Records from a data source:
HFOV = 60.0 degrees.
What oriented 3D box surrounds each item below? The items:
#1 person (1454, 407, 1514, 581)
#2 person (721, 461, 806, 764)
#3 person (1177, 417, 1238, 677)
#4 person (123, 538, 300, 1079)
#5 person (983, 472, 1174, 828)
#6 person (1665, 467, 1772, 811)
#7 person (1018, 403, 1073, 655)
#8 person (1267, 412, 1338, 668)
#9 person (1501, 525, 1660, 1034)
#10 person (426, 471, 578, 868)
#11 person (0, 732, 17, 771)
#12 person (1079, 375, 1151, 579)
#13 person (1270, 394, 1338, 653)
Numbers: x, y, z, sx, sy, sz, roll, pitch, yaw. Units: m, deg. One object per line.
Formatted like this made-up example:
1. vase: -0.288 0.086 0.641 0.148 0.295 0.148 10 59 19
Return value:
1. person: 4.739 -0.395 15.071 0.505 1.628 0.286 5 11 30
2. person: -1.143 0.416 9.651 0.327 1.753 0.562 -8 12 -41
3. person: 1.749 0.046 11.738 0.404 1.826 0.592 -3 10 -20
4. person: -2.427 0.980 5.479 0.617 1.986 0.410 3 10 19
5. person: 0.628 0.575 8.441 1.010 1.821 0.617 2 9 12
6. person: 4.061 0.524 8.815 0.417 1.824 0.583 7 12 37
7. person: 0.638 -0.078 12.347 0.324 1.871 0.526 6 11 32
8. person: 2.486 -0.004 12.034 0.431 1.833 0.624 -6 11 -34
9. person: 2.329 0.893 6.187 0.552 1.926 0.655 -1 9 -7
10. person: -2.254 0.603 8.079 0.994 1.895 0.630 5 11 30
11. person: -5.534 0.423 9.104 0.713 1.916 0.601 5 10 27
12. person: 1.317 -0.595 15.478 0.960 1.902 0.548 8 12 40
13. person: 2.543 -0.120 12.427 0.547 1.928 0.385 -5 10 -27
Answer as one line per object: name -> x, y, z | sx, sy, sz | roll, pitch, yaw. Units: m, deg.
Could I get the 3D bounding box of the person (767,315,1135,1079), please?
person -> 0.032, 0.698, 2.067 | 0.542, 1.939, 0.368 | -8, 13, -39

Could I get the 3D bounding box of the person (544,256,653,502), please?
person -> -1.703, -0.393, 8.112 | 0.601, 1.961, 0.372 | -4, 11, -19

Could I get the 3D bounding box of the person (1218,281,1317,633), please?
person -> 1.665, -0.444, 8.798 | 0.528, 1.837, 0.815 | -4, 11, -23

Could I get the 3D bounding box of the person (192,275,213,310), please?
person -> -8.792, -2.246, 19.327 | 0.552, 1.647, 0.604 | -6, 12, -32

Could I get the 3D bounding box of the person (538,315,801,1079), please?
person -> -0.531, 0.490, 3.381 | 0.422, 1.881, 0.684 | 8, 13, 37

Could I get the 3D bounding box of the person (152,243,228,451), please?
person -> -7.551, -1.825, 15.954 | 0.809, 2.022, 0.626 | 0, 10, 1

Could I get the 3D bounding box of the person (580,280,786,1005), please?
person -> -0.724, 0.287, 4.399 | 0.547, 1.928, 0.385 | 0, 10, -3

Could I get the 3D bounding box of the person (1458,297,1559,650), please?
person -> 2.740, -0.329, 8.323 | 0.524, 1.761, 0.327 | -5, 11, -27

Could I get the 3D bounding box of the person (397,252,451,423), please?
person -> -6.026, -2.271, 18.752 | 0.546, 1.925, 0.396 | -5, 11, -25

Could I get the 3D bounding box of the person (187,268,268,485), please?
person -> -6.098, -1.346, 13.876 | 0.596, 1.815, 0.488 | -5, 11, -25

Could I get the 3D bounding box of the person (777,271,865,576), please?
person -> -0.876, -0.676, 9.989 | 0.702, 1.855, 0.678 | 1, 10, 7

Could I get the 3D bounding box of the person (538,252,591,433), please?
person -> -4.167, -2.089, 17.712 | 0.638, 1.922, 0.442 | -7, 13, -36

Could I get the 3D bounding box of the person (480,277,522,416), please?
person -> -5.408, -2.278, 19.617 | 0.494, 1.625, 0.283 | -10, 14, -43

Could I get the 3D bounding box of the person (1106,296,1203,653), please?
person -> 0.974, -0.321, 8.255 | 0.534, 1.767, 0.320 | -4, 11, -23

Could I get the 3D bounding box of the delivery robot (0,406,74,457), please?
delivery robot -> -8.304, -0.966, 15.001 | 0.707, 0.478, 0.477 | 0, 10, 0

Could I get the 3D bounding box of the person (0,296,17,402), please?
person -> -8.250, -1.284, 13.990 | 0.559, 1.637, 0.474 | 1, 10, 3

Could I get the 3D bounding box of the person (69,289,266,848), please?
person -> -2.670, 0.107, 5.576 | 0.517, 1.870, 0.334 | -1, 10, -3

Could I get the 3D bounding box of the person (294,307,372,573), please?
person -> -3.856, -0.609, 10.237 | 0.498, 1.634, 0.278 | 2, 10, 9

What you will do: Return each record exactly as given.

Response to the task:
HFOV = 60.0 degrees.
What oriented 3D box surrounds each item below? The items:
#1 person (1454, 407, 1514, 581)
#2 person (721, 461, 806, 764)
#3 person (1177, 417, 1238, 677)
#4 person (123, 538, 300, 1079)
#5 person (983, 472, 1174, 828)
#6 person (1665, 467, 1772, 811)
#7 person (1018, 403, 1073, 655)
#8 person (1267, 412, 1338, 668)
#9 person (1501, 525, 1660, 1034)
#10 person (426, 471, 578, 868)
#11 person (0, 732, 17, 771)
#12 person (1079, 375, 1151, 579)
#13 person (1270, 394, 1338, 653)
Numbers: x, y, z, sx, sy, sz, roll, pitch, yaw. Units: m, deg. One object per line.
Formatted like this made-up example:
1. vase: -0.288 0.086 0.641 0.148 0.295 0.148 10 59 19
Return value:
1. person: 4.739 -0.395 15.071 0.505 1.628 0.286 5 11 30
2. person: -1.143 0.416 9.651 0.327 1.753 0.562 -8 12 -41
3. person: 1.749 0.046 11.738 0.404 1.826 0.592 -3 10 -20
4. person: -2.427 0.980 5.479 0.617 1.986 0.410 3 10 19
5. person: 0.628 0.575 8.441 1.010 1.821 0.617 2 9 12
6. person: 4.061 0.524 8.815 0.417 1.824 0.583 7 12 37
7. person: 0.638 -0.078 12.347 0.324 1.871 0.526 6 11 32
8. person: 2.486 -0.004 12.034 0.431 1.833 0.624 -6 11 -34
9. person: 2.329 0.893 6.187 0.552 1.926 0.655 -1 9 -7
10. person: -2.254 0.603 8.079 0.994 1.895 0.630 5 11 30
11. person: -5.534 0.423 9.104 0.713 1.916 0.601 5 10 27
12. person: 1.317 -0.595 15.478 0.960 1.902 0.548 8 12 40
13. person: 2.543 -0.120 12.427 0.547 1.928 0.385 -5 10 -27
Answer as one line per object: name -> x, y, z | sx, sy, sz | roll, pitch, yaw. Units: m, deg.
Could I get the 3D bounding box of the person (767,315,1135,1079), please?
person -> 0.032, 0.698, 2.067 | 0.542, 1.939, 0.368 | -8, 13, -39

Could I get the 3D bounding box of the person (544,256,653,502), please?
person -> -1.703, -0.393, 8.112 | 0.601, 1.961, 0.372 | -4, 11, -19

Could I get the 3D bounding box of the person (1218,281,1317,633), please?
person -> 1.665, -0.444, 8.798 | 0.528, 1.837, 0.815 | -4, 11, -23

Could I get the 3D bounding box of the person (192,275,213,310), please?
person -> -8.792, -2.246, 19.327 | 0.552, 1.647, 0.604 | -6, 12, -32

Could I get the 3D bounding box of the person (538,315,801,1079), please?
person -> -0.531, 0.490, 3.381 | 0.422, 1.881, 0.684 | 8, 13, 37

Could I get the 3D bounding box of the person (152,243,228,451), please?
person -> -7.551, -1.825, 15.954 | 0.809, 2.022, 0.626 | 0, 10, 1

Could I get the 3D bounding box of the person (580,280,786,1005), please?
person -> -0.724, 0.287, 4.399 | 0.547, 1.928, 0.385 | 0, 10, -3

Could I get the 3D bounding box of the person (1458,297,1559,650), please?
person -> 2.740, -0.329, 8.323 | 0.524, 1.761, 0.327 | -5, 11, -27

Could I get the 3D bounding box of the person (397,252,451,423), please?
person -> -6.026, -2.271, 18.752 | 0.546, 1.925, 0.396 | -5, 11, -25

Could I get the 3D bounding box of the person (187,268,268,485), please?
person -> -6.098, -1.346, 13.876 | 0.596, 1.815, 0.488 | -5, 11, -25

Could I get the 3D bounding box of the person (777,271,865,576), please?
person -> -0.876, -0.676, 9.989 | 0.702, 1.855, 0.678 | 1, 10, 7

Could I get the 3D bounding box of the person (538,252,591,433), please?
person -> -4.167, -2.089, 17.712 | 0.638, 1.922, 0.442 | -7, 13, -36

Could I get the 3D bounding box of the person (480,277,522,416), please?
person -> -5.408, -2.278, 19.617 | 0.494, 1.625, 0.283 | -10, 14, -43

Could I get the 3D bounding box of the person (1106,296,1203,653), please?
person -> 0.974, -0.321, 8.255 | 0.534, 1.767, 0.320 | -4, 11, -23

Could I get the 3D bounding box of the delivery robot (0,406,74,457), please?
delivery robot -> -8.304, -0.966, 15.001 | 0.707, 0.478, 0.477 | 0, 10, 0

Could I get the 3D bounding box of the person (0,296,17,402), please?
person -> -8.250, -1.284, 13.990 | 0.559, 1.637, 0.474 | 1, 10, 3

Could I get the 3D bounding box of the person (69,289,266,848), please?
person -> -2.670, 0.107, 5.576 | 0.517, 1.870, 0.334 | -1, 10, -3

Could I get the 3D bounding box of the person (294,307,372,573), please?
person -> -3.856, -0.609, 10.237 | 0.498, 1.634, 0.278 | 2, 10, 9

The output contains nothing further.